X=50+100*randn(2,11)';

plot(X(:,1),X(:,2),'o')

w=@(x) (17*x(:,1)-5*x(:,2))

% So this plane will go through the origin.

% We create a column of noisy response variable values:

Ynoisy=w(X)+50*randn(11,1);

clf

plot3(X(:,1),X(:,2),Ynoisy','o')
hold on
grid on

a=X\Ynoisy

% This vector of constants minimizes the squared-error function

fa=@(c) sum(  (Ynoisy-c(1)*X(:,1)-c(2)*X(:,2) ).^2  )

fa(a)

[XT YT]=meshgrid(min(X(:,1)):10:max(X(:,1)),min(X(:,2)):10:max(X(:,2)));

Z=a(1)*XT+a(2)*YT;
 
surf(XT,YT,Z)

% If you don't insist on the through-the-origin condition let

M=[X ones(11,1)]

b=M\Ynoisy

% This b minimizes the squared-error function

fb=@(c) sum(  (Ynoisy-c(1)*X(:,1)-c(2)*X(:,2)-c(3) ).^2  )

fb(b)

% This will usually be slightly smaller but that does NOT necessarily mean a better fit!

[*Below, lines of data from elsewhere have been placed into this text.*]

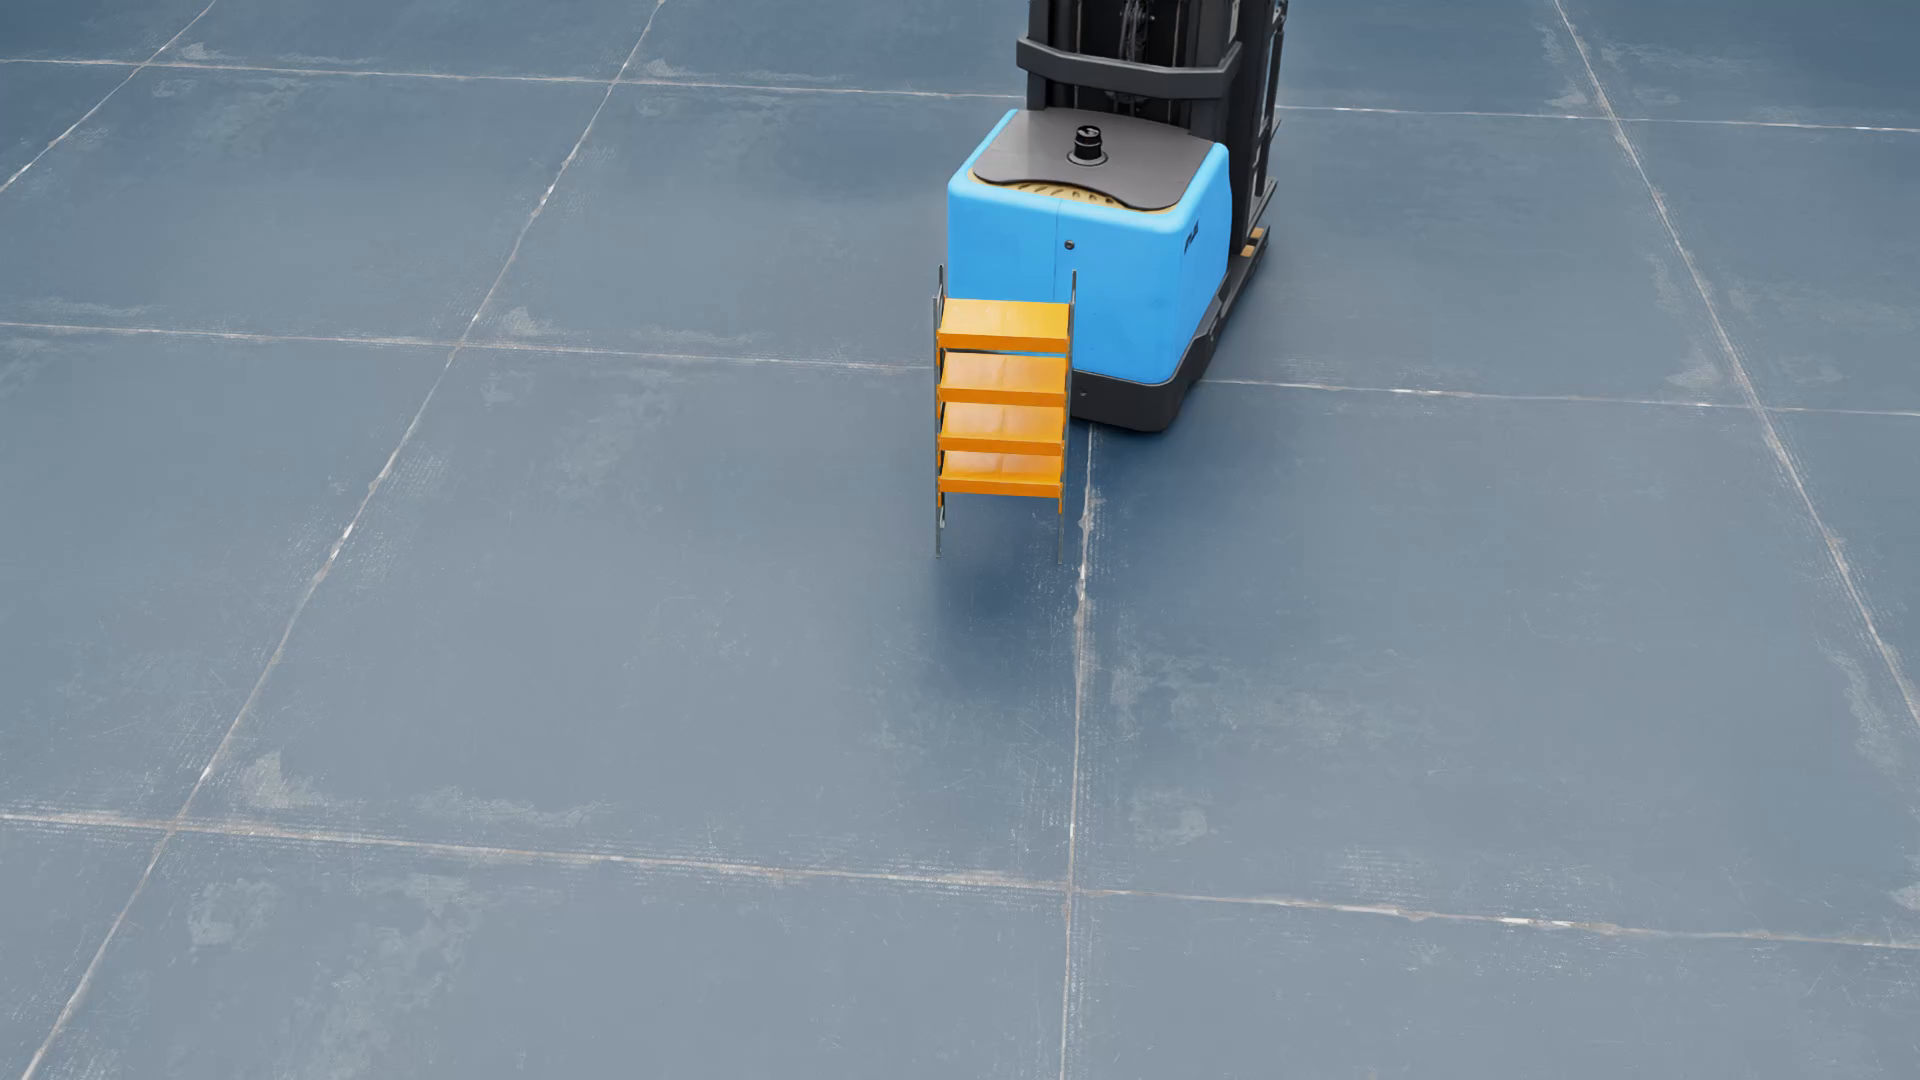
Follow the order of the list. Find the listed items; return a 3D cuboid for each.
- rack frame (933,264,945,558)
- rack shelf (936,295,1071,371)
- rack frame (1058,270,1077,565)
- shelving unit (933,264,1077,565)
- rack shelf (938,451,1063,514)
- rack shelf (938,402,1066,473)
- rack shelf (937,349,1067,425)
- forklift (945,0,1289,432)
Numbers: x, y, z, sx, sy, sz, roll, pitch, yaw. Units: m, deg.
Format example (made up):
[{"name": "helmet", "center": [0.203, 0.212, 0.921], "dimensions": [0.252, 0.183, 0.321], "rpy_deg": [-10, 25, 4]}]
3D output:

In fact, the more extraneous arbitrary constants you include the smaller the squared error will likely be. But then you will have extra components in your answer that were not necessarily in the original function. USE ANY KNOWLEDGE YOU MAY HAVE OF THE PARTICULAR FORM OF THE UNDERLYING FUNCTION!